Bit confused by the thread mate, but id say its not a big deal having oats b4 bed if u want a bit more bulk, just try stay away from biscuits like i do!!! :thumb:


----------



## Pagie (Jul 1, 2008)

Just keep eating mate you will grow in time. Looking good in your pic for under 11 stone keep at it.


----------



## chrisj22 (Mar 22, 2006)

Give it a go and see.

I believe in 'book-ending' the day with the same meal as what you had for breakfast.

Perhaps start having 50g oats with some eggs or a shake and see how you get on.

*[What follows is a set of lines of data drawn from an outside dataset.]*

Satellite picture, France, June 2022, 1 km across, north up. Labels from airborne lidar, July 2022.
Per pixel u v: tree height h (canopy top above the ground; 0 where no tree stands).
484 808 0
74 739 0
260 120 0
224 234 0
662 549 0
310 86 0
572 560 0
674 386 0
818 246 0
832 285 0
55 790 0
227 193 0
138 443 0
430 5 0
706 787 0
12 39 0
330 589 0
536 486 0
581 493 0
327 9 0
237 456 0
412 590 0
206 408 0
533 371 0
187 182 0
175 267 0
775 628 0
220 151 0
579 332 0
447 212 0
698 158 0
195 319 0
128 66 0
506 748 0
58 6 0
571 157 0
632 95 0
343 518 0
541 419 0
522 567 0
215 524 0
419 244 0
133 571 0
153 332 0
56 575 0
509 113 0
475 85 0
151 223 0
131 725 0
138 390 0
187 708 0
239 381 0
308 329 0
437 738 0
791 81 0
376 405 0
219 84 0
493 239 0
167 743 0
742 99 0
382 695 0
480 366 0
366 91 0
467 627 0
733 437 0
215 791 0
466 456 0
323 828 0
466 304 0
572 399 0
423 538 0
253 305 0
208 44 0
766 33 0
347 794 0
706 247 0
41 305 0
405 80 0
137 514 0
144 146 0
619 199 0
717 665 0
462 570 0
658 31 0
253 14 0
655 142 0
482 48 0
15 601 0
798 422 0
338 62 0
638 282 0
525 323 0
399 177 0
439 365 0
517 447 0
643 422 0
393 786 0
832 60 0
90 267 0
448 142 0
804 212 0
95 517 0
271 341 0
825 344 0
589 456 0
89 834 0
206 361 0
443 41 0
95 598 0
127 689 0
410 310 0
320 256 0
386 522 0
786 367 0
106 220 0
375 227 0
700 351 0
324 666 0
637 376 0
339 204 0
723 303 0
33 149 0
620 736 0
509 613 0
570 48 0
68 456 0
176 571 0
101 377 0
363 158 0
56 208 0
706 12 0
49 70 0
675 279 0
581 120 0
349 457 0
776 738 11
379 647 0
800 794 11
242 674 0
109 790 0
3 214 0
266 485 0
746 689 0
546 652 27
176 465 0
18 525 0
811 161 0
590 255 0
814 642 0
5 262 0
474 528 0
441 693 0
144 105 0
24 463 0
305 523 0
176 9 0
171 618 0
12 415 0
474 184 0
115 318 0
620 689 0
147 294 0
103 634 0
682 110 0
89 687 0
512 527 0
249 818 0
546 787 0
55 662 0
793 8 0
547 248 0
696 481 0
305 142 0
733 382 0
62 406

Don't concentrate on 'weight' per se, always use the mirror as your guide. Don't get caught up with the numbers game, make sure it's quality gains.


----------



## robisco11 (Dec 8, 2007)

you look far bigger than you say.

carbs before bed wont do you any harm if your bulking, so long as you can stomach them.

personally i find if i have carbs before bed, i struggle to get to sleep. But as for your question, although some people will tell you to avoid carbs before bed, they wont do any harm imo!


----------



## Jake H (Oct 31, 2008)

I was thinking of adding 2 tablespoons on peanut butter in like i have in my morning shake? just to keep the cals coming?


----------



## robisco11 (Dec 8, 2007)

Jake H said:


> I was thinking of adding 2 tablespoons on peanut butter in like i have in my morning shake?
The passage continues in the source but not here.